Discipline: Biological Sciences
Bethanie-Michelle Statler - University of Illinois at Chicago
Co-Author(s): Peter Okkema, University of Illinois at Chicago, IL
T-box transcription factors play a key role in the development of many multicellular organisms. However, misregulation of T-box factors TBX2 and TBX3 in humans can cause congenital diseases and a variety of cancers (1). We are studying the closely related C. elegans ortholog of these factors TBX-2 to understand the molecular mechanism by which these conserved factors function. Our genetic results show that C. elegans TBX-2 is a transcriptional repressor whose activity depends on post-translational modification with the SUMO peptide (2, 4). Previous data also shows that TBX-2 represses its own promoter in a nega-tive feedback loop (3). We can use a Ptbx-2::mCherry reporter as a molecular readout to analyze the expression of TBX-2 in TBX-2 mutants defective in SUMOylation. We hypothesize that mutating the SUMOylation site on TBX-2 will result in ectopic expression of Ptbx-2::mCherry. We use transgenically expressed wild-type TBX-2 as a control that effectively represses Ptbx2::mCherry so that it is only expressed in the head neurons. In contrast, a conservative mutation of a key lysine residue that is conjugated to SUMO to engineer mutant TBX-2K400R reduces its repressor activity. In the mutant strain, Ptbx-2::mCherry is ectopically expressed in the hypodermic seam cells and posterior gut at a significantly higher rate than strains expressing wild-type TBX-2. Our findings support our hypothesis that TBX-2 repressor activity depends on SUMOylation. Our results will help elucidate the molecular mechanism for TBX-2 repressor activity in C. elegans. Future research involves investigating other protein interactions that may also be required for TBX-2 activity and identifying target genes of TBX-2. If our project is successful, we can then translate this research into mammalian cell culture assays. As SUMO-conjugation sites are also found in human TBX2 and TBX3, we expect the mechanism of regulation to be conserved (1). These results may help guide the identification of targets in possible therapies for diseases involving these factors.

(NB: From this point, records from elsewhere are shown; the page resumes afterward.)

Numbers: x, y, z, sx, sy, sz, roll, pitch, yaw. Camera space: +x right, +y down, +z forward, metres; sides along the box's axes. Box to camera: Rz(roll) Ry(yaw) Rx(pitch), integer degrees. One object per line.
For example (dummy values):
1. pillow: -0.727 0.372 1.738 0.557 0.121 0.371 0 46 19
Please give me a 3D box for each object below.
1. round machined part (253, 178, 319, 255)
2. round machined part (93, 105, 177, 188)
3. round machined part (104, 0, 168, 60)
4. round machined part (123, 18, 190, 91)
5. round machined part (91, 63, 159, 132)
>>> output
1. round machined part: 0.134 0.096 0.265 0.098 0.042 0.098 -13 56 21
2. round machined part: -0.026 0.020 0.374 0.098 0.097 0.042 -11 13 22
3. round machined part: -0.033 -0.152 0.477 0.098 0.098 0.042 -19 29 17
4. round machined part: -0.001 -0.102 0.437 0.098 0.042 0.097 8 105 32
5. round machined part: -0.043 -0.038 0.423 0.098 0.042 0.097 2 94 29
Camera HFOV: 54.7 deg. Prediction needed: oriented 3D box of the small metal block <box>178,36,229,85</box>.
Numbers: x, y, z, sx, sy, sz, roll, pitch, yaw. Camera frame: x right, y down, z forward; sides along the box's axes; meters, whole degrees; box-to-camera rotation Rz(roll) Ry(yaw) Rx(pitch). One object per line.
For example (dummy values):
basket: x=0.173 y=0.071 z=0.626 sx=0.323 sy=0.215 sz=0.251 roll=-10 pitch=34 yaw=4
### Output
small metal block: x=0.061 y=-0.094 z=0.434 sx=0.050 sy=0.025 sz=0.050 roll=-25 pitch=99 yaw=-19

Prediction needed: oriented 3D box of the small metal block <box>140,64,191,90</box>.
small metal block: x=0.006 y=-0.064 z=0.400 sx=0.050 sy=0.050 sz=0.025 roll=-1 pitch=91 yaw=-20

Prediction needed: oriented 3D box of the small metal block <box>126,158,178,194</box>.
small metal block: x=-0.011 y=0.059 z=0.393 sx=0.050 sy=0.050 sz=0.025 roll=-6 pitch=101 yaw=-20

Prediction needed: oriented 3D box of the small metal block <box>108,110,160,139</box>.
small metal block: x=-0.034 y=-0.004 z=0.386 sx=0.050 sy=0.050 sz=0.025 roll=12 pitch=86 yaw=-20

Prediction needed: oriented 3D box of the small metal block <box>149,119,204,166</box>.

References (1) Crum, T.L., Okkema, P.G., 2007. SUMOylation-dependent function of a T-box transcription-al repressor in Caenorhabditis elegans. Biochemical Society Transactions. 35(6), 1424-1426.
(2) Huber, P., Crum, T., Clary, L.M., Ronan, T., Packard, A.V., Okkema, P.G., 2013. Function of the C. ele-gans T-box factor TBX-2 depends on SUMOylation. Cell. Mol. Life Sci. 70, 4157-4168.
(3) Milton, A.C., Okkema, P.G., 2015. Caenorhabditis elegans TBX-2 directly regulates its own expression in a negative autoregulatory loop. G3 5, 1177-1186.
(4) Chowdhuri, S.R., Crum, T., Woollard, A., Aslam, S., Okkema, P.G., 2006. The T-box factor TBX-2 and the SUMO conjugating enzyme UBC-9 are required for ABa-derived pharyngeal muscle in C. elegans. Dev. Biol. 295, 664-677.
Funder Acknowledgement(s): Funding was provided by the NSF Bridge to the Doctorate fellowship to B-M. Statler.
Faculty Advisor: Peter Okkema, email@example.com
Role: I used optical microscopy to analyze and score multiple TBX-2 mutants for expressing Ptbx-2::mCherry. I created additional strains that will be used in future research involving the interactions of other proteins with TBX-2.